#### EXERCISE MATERIAL
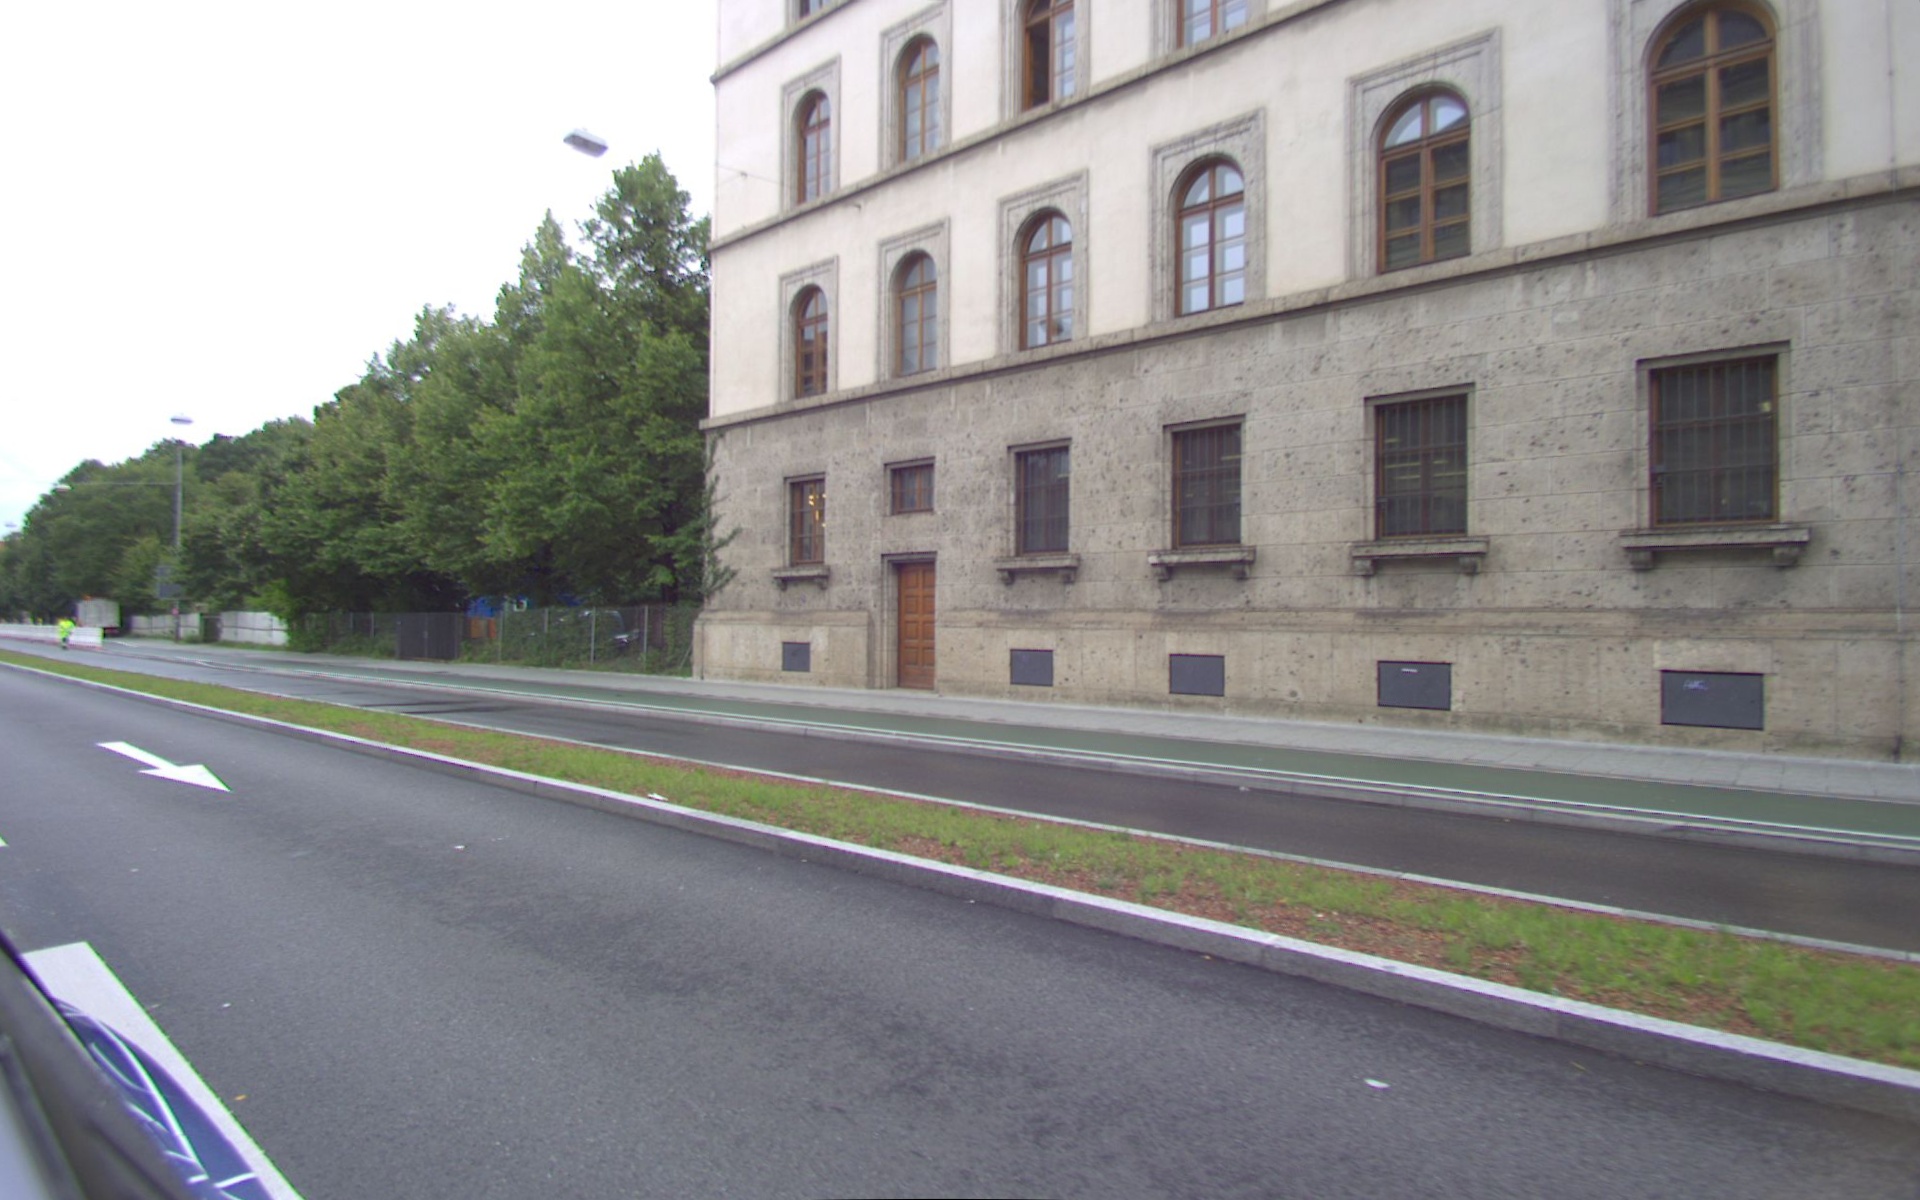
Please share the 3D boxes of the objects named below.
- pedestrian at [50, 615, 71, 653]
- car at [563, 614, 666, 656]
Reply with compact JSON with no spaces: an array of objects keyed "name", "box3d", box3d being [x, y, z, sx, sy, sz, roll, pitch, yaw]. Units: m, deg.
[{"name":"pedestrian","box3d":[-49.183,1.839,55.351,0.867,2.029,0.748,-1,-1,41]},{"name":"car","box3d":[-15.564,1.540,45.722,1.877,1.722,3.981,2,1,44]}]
########
#### EXERCISE MATERIAL
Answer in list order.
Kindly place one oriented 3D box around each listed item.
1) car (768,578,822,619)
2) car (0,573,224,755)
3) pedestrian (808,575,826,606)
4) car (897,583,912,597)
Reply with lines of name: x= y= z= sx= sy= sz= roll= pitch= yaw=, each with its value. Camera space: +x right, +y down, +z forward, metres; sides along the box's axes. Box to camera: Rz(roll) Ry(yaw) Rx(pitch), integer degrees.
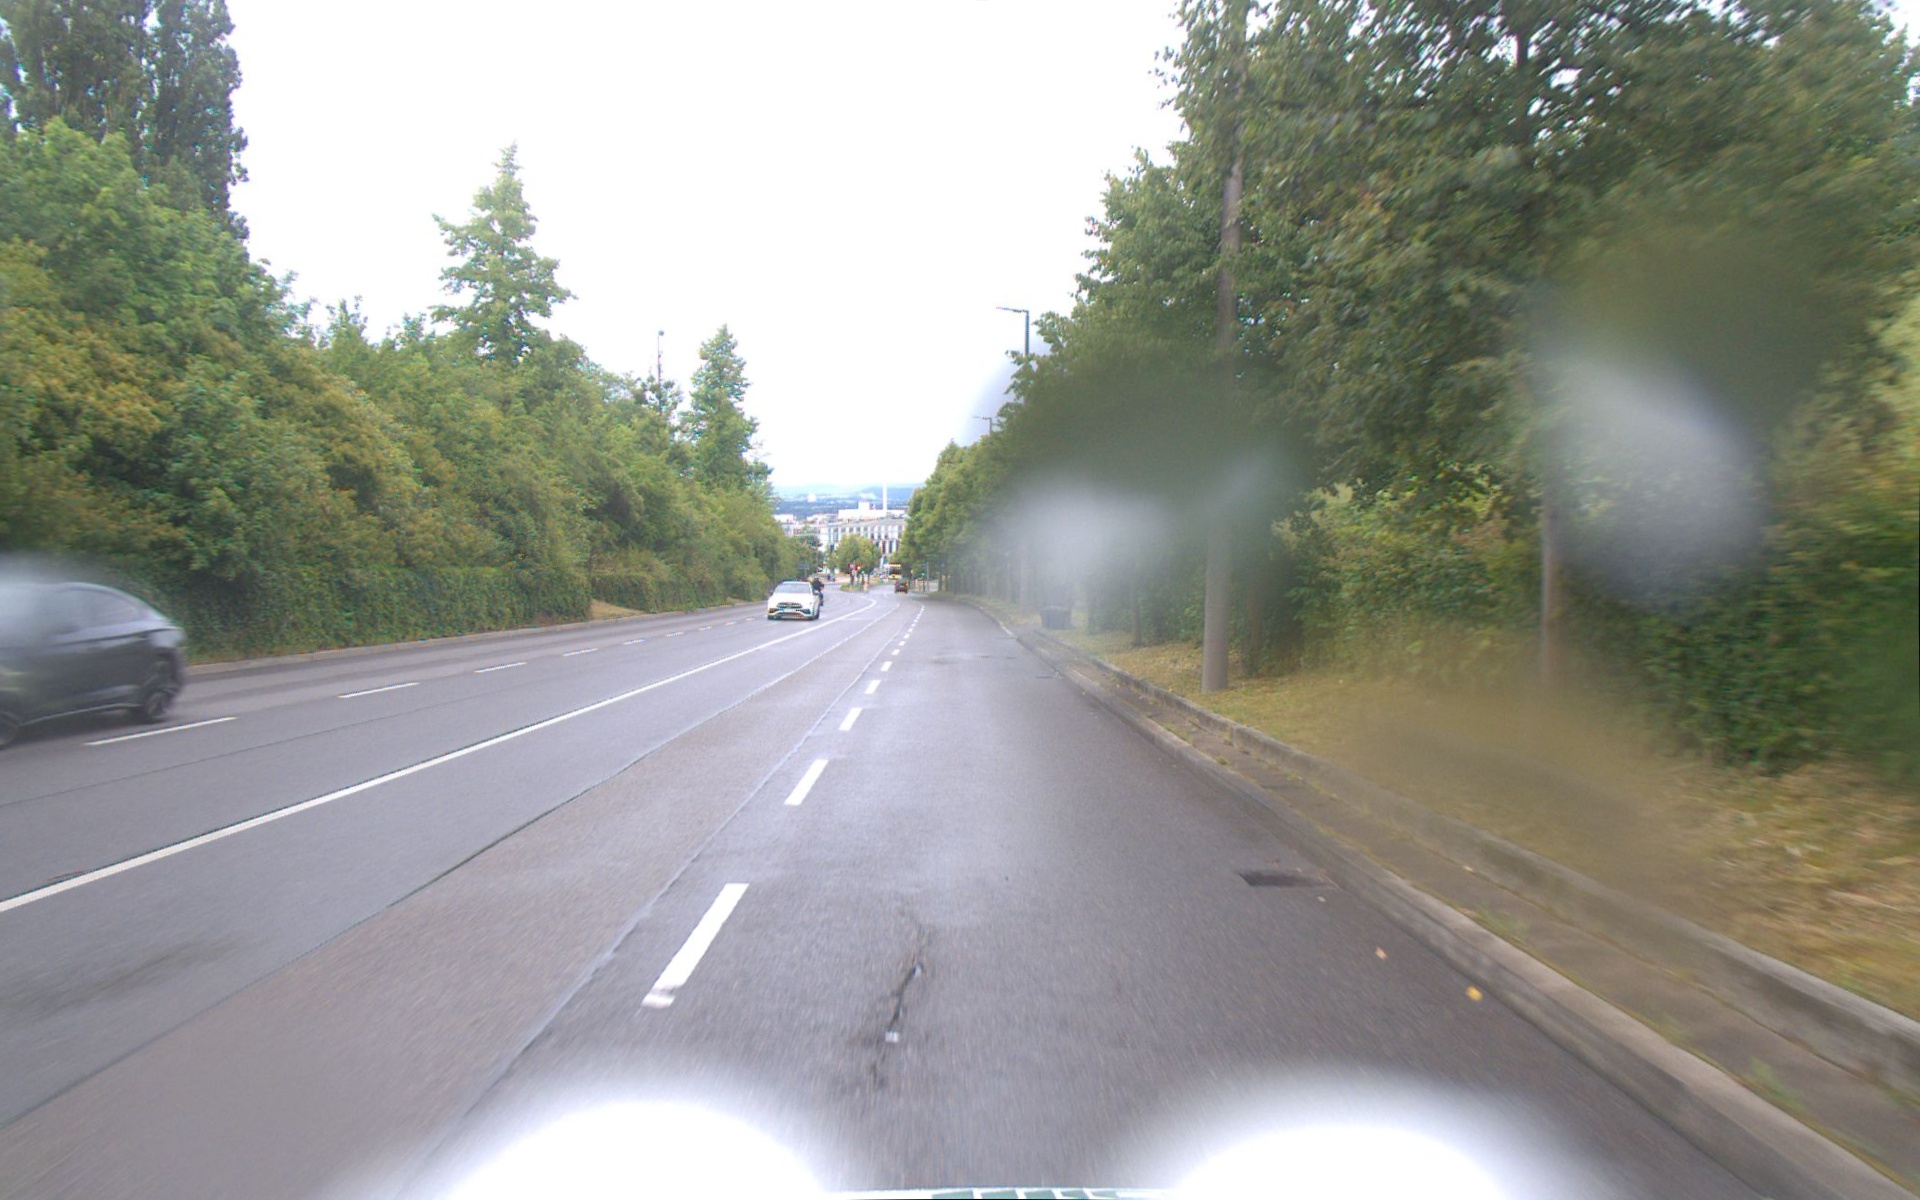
########
▶ [TASK INSTRUCTIONS]:
What is the number of lines in the data holding the word "each"? Reply with that number only.

▶ [SOLUTION TO THIS PROBLEM]:
2